Channeling the South from Oakland, Drunk Horse sounds like it's been raised on a steady diet of Thin Lizzy, thick-ribbed rock, and THC. Its latest release, Tanning Salon/Biblical Proportions, splits the foursome's 12 punk-fried numbers into two psychedelic extremes: consumer and biblical culture.

Steering clear of middle-class-cowboy-sings-the-white-trash-blues themes, the album begins with a smart-aleck look at bankrolled beauty. Drunk Horse covers the unusual here -- from the fake 'n' bakers who sizzle in "Tanning Salon" to the footwear that soothes on "AM/FM Shoes." The record's second half retools a few of the more visceral Bible stories, making like Cliffs Notes for headbangers. On "In the Beginning" the band tackles the tale of blood brothers Cain and Abel: "My brother was playing favorites and he got it right between the eyes."
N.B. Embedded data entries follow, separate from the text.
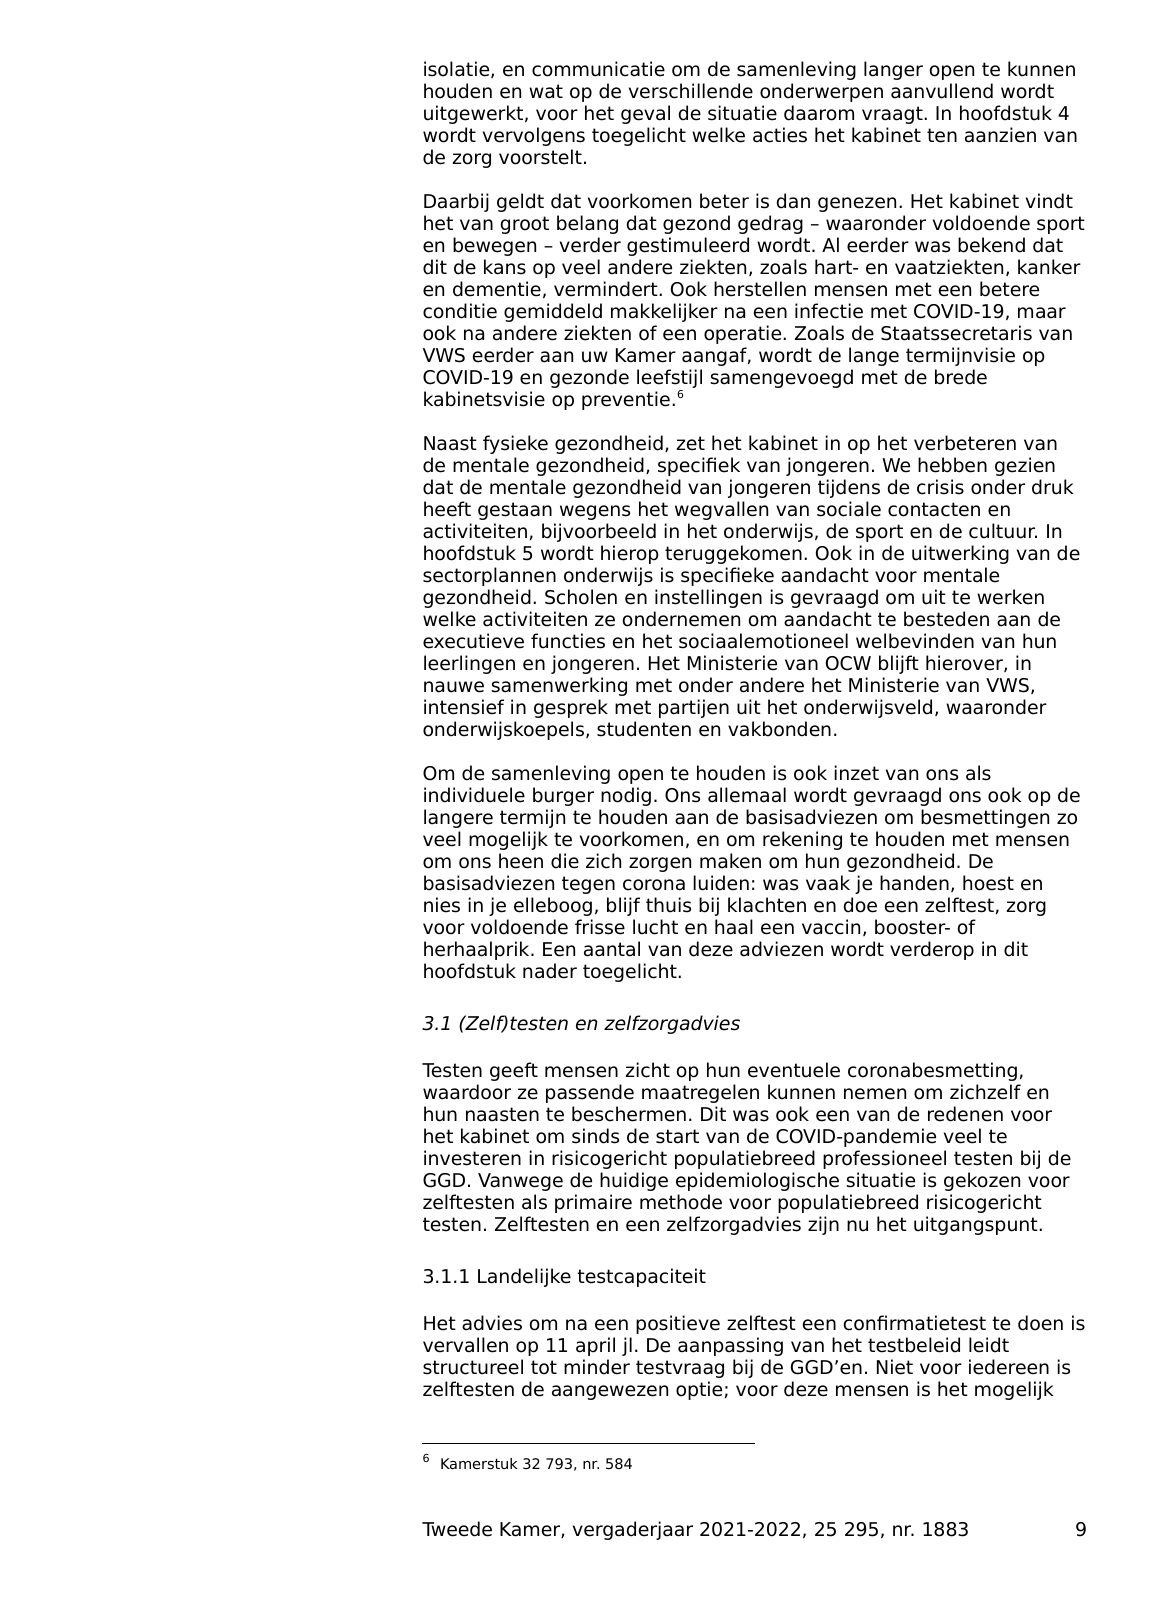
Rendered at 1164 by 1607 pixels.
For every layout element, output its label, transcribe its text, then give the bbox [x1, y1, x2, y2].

subtitle 3.1 (Zelf)testen en zelfzorgadvies [422, 1013, 1087, 1035]
subtitle 3.1.1 Landelijke testcapaciteit [422, 1266, 1087, 1288]
text Daarbij geldt dat voorkomen beter is dan genezen. Het kabinet vindt het van groot belang dat gezond gedrag – waaronder voldoende sport en bewegen – verder gestimuleerd wordt. Al eerder was bekend dat dit de kans op veel andere ziekten, zoals hart- en vaatziekten, kanker en dementie, vermindert. Ook herstellen mensen met een betere conditie gemiddeld makkelijker na een infectie met COVID-19, maar ook na andere ziekten of een operatie. Zoals de Staatssecretaris van VWS eerder aan uw Kamer aangaf, wordt de lange termijnvisie op COVID-19 en gezonde leefstijl samengevoegd met de brede kabinetsvisie op preventie. [422, 191, 1087, 411]
text Het advies om na een positieve zelftest een confirmatietest te doen is vervallen op 11 april jl. De aanpassing van het testbeleid leidt structureel tot minder testvraag bij de GGD’en. Niet voor iedereen is zelftesten de aangewezen optie; voor deze mensen is het mogelijk [422, 1313, 1087, 1401]
text Om de samenleving open te houden is ook inzet van ons als individuele burger nodig. Ons allemaal wordt gevraagd ons ook op de langere termijn te houden aan de basisadviezen om besmettingen zo veel mogelijk te voorkomen, en om rekening te houden met mensen om ons heen die zich zorgen maken om hun gezondheid. De basisadviezen tegen corona luiden: was vaak je handen, hoest en nies in je elleboog, blijf thuis bij klachten en doe een zelftest, zorg voor voldoende frisse lucht en haal een vaccin, booster- of herhaalprik. Een aantal van deze adviezen wordt verderop in dit hoofdstuk nader toegelicht. [422, 763, 1087, 983]
text isolatie, en communicatie om de samenleving langer open te kunnen houden en wat op de verschillende onderwerpen aanvullend wordt uitgewerkt, voor het geval de situatie daarom vraagt. In hoofdstuk 4 wordt vervolgens toegelicht welke acties het kabinet ten aanzien van de zorg voorstelt. [422, 59, 1087, 169]
text Testen geeft mensen zicht op hun eventuele coronabesmetting, waardoor ze passende maatregelen kunnen nemen om zichzelf en hun naasten te beschermen. Dit was ook een van de redenen voor het kabinet om sinds de start van de COVID-pandemie veel te investeren in risicogericht populatiebreed professioneel testen bij de GGD. Vanwege de huidige epidemiologische situatie is gekozen voor zelftesten als primaire methode voor populatiebreed risicogericht testen. Zelftesten en een zelfzorgadvies zijn nu het uitgangspunt. [422, 1060, 1087, 1236]
text Kamerstuk 32 793, nr. 584 [422, 1452, 1087, 1474]
text Naast fysieke gezondheid, zet het kabinet in op het verbeteren van de mentale gezondheid, specifiek van jongeren. We hebben gezien dat de mentale gezondheid van jongeren tijdens de crisis onder druk heeft gestaan wegens het wegvallen van sociale contacten en activiteiten, bijvoorbeeld in het onderwijs, de sport en de cultuur. In hoofdstuk 5 wordt hierop teruggekomen. Ook in de uitwerking van de sectorplannen onderwijs is specifieke aandacht voor mentale gezondheid. Scholen en instellingen is gevraagd om uit te werken welke activiteiten ze ondernemen om aandacht te besteden aan de executieve functies en het sociaalemotioneel welbevinden van hun leerlingen en jongeren. Het Ministerie van OCW blijft hierover, in nauwe samenwerking met onder andere het Ministerie van VWS, intensief in gesprek met partijen uit het onderwijsveld, waaronder onderwijskoepels, studenten en vakbonden. [422, 433, 1087, 741]

Musically, Drunk Horse spreads thick instrumental layers over Eli Eckert's left-out-in-the-sun drawl. Eckert and second guitarist Cyrus Cominsky trade off between bluesy textures and metal riffs wrapped in skidding squeals, sometimes taking up half a song with their solos. Add bassist John Niles, drummer Cripe Jergensen, and elements of piano, cello, violin, French horn, and organ, and you've got a stoned Southern road trip -- without having to leave your own carport.